Im Bericht der Kommission für soziale Sicherheit und Gesundheit des Nationalrates, die aus Mitgliedern sämtlicher Fraktionen zusammengesetzt ist, zur Parlamentarischen Initiative Schutz der Bevölkerung und der Wirtschaft vor dem Passivrauchen wird ein entsprechendes Bundesgesetz vorgeschlagen (Bundesblatt 2007 S. 6185-6205), das ein weitgehendes Rauchverbot in öffentlich zugänglichen Räumen, auch solchen der Gastronomie, vorsieht. Art. 1. Abs. 3 des Gesetzesentwurfes lautet: Auf private Haushaltungen ist dieses Gesetz nicht anwendbar. Das sollte eigentlich selbstverständlich sein, denn in Art. 8 der Konvention zum Schutze der Menschenrechte und Grundfreiheiten (EMRK) vom 8. November 1950, welcher die Schweiz beigetreten ist, steht: Jede Person hat das Recht auf Achtung ihres Privat- und Familienlebens, ihrer Wohnung und ihrer Korrespondenz. Eine Behörde darf in die Ausübung dieses Rechts nur eingreifen, soweit der Eingriff gesetzlich vorgesehen und in einer demokratischen Gesellschaft für die nationale oder öffentliche Sicherheit, für das wirtschaftliche Wohl des Landes, zur Aufrechterhaltung der Ordnung, zur Verhütung von Straftaten, zum Schutz der Gesundheit oder der Moral oder zum Schutz der Rechte und Freiheiten anderer notwendig ist. Und in Art. 13 der Schweizerischen Bundesverfassung vom 18. April 1999 heisst es: Jede Person hat Anspruch auf Achtung ihres Privat- und Familienlebens, ihrer Wohnung sowie ihres Brief-, Post- und Fernmeldeverkehrs. Zur Einschränkung der Grundrechte sagt Art. 36 Abs. 2 der Bundesverfassung: Einschränkungen von Grundrechten müssen durch ein öffentliches Interesse oder durch den Schutz von Grundrechten Dritter gerechtfertigt sein.

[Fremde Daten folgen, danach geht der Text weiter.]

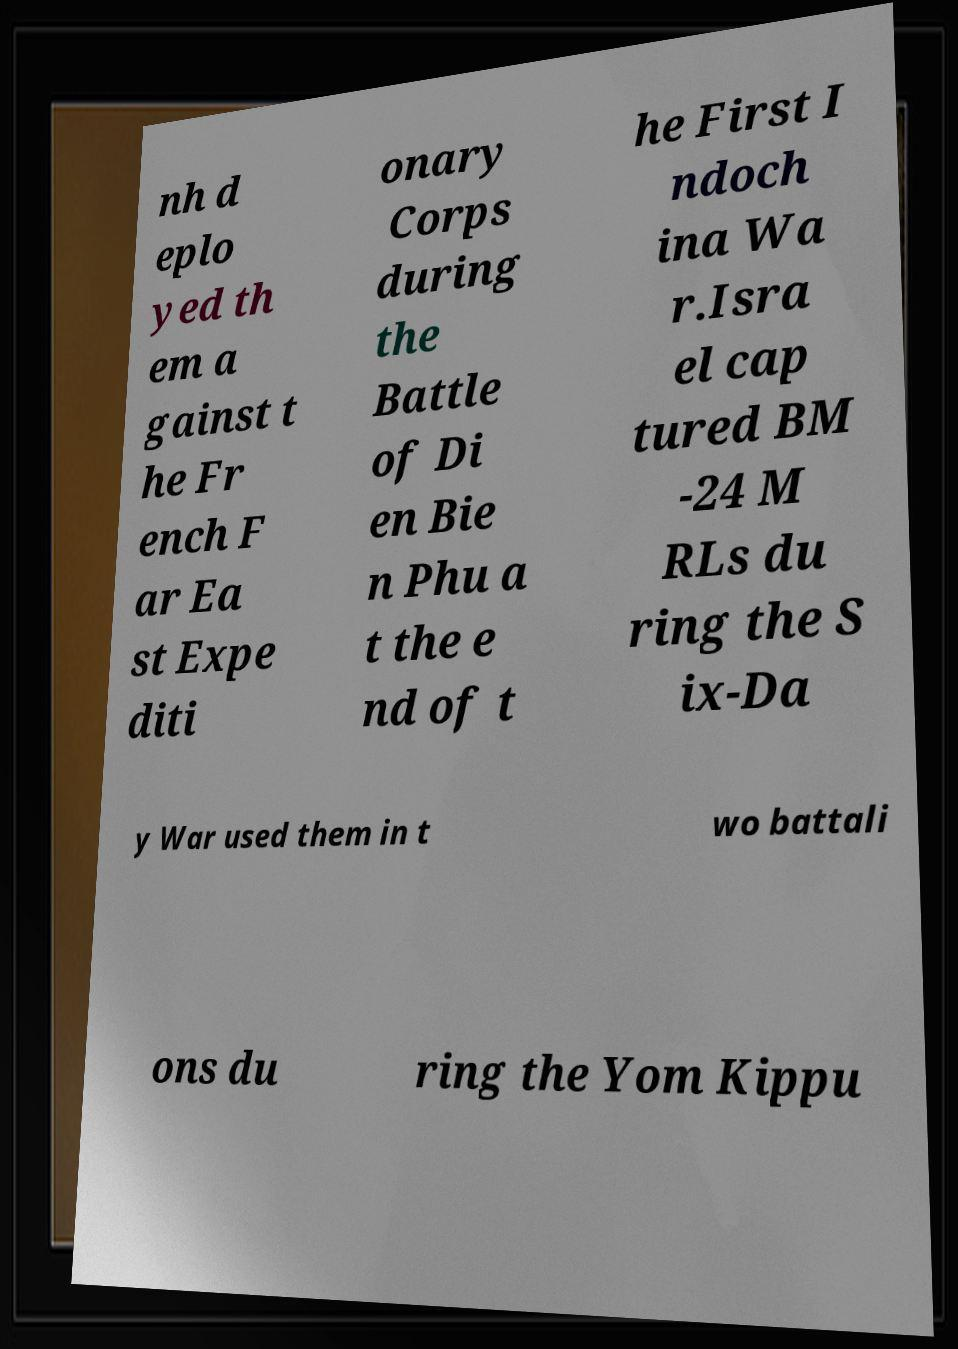Could you extract and type out the text from this image? nh d eplo yed th em a gainst t he Fr ench F ar Ea st Expe diti onary Corps during the Battle of Di en Bie n Phu a t the e nd of t he First I ndoch ina Wa r.Isra el cap tured BM -24 M RLs du ring the S ix-Da y War used them in t wo battali ons du ring the Yom Kippu 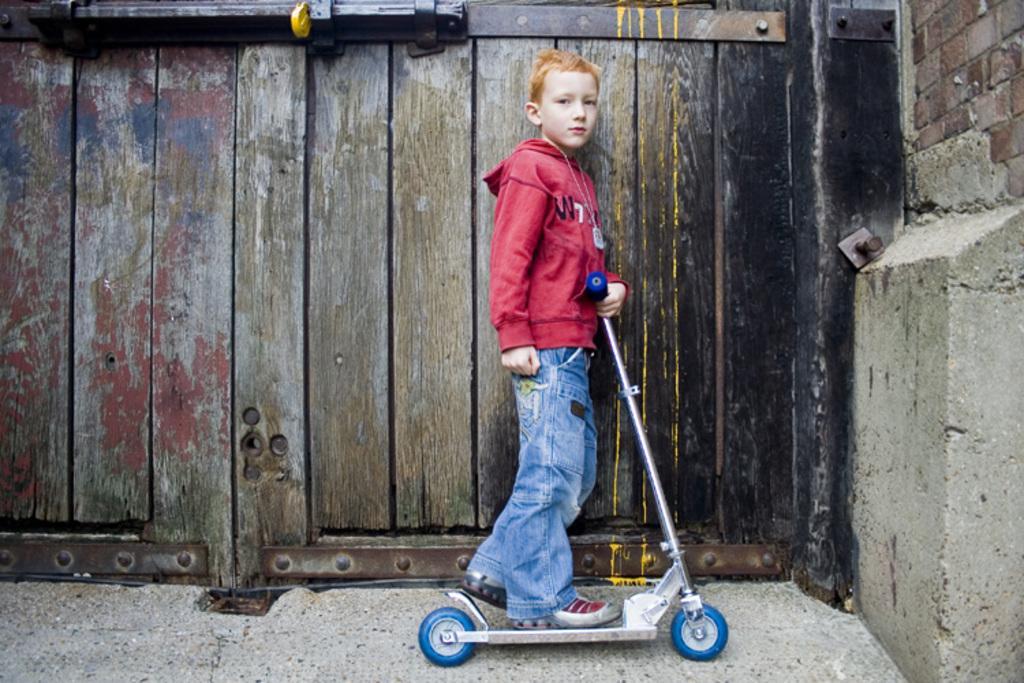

Die genannte Kommission hält die Nichtgeltung ihres Gesetzes für private Haushaltungen aber nicht für selbstverständlich, schreibt sie doch in Bundesblatt 2007 S. 6200 unter Ziff. 4.2 (Kompatibilität mit den kantonalen Gesetzen): Nach Inkrafttreten des neuen Gesetzes geht das Bundesrecht entgegenstehendem kantonalem Recht vor. Das neue Bundesgesetz schliesst aber nicht aus, dass die Kantone für nicht geschlossene Räume oder für private Haushaltungen kantonale Vorschriften erlassen können. Absatz 1 ist wiederum selbstverständlich, denn die Massgeblichkeit des Bundesgesetzes ergibt sich schon aus Art. 191 der Bundesverfassung. Was zu der vorstehenden  Aussage führte, ist der nachfolgende Absatz. Die Parteipolitikerinnen und -politiker in den Kantonen stehen nämlich schon in den Startlöchern, um  mit Postulaten und Motionen unter Berufung darauf die Ausdehnung des Rauchverbots auf private Haushaltungen und auf »nicht geschlossene Räume«, worunter auch eine Parkanlage fallen kann, zu verlangen. Wenn es dann soweit ist, dass einige Kantone das eingeführt haben, andere nicht, soll die totale Überwachung unseres Tuns und Lassens in privaten Haushaltungen und im Freien von Bundesrechts wegen eingeführt werden. Das wird dann auch ausserhalb des Bereiches von Rauchern und Nichtrauchern Schule machen. Im öffentlichen Interesse lässt  sich noch Vieles anordnen, etwa in der Thematik des Alkohols, des Übergewichts, der fehlenden Bewegung oder sogar der Lektüre. Vorläufig würde jedenfalls mit Busse bestraft, wer, von der °rauchfreien" Arbeit heimgekehrt, am Abend vor seinem Fernsehapparat »vorsätzlich« eine Zigarette anzündet, ja es wäre sogar auf seinem Gartensitzplatz eine strafbare Tat, denn das ist ein nicht geschlossener Raum. Später würde dann das ungesunde Chips-Essen vor dem Fernseher verfolgt und irgendwann wäre unser ganzes Leben nur noch eine grosse Übertretung. Wir gehen alsdann, ungeachtet aller Verfassungs- und Völkerrechtsnormen, der totalen Überwachung durch die von uns selbst gewählten Behördemitglieder und ihre Trabanten entgegen. In ihren Wahlprospekten sagen natürlich die Parteien davon kein Wort. Lassen Sie also Ihre bevorzugten Kandidatinnen und Kandidaten  zu diesem Papier Stellung nehmen, bevor Sie ihnen Ihre Stimme geben.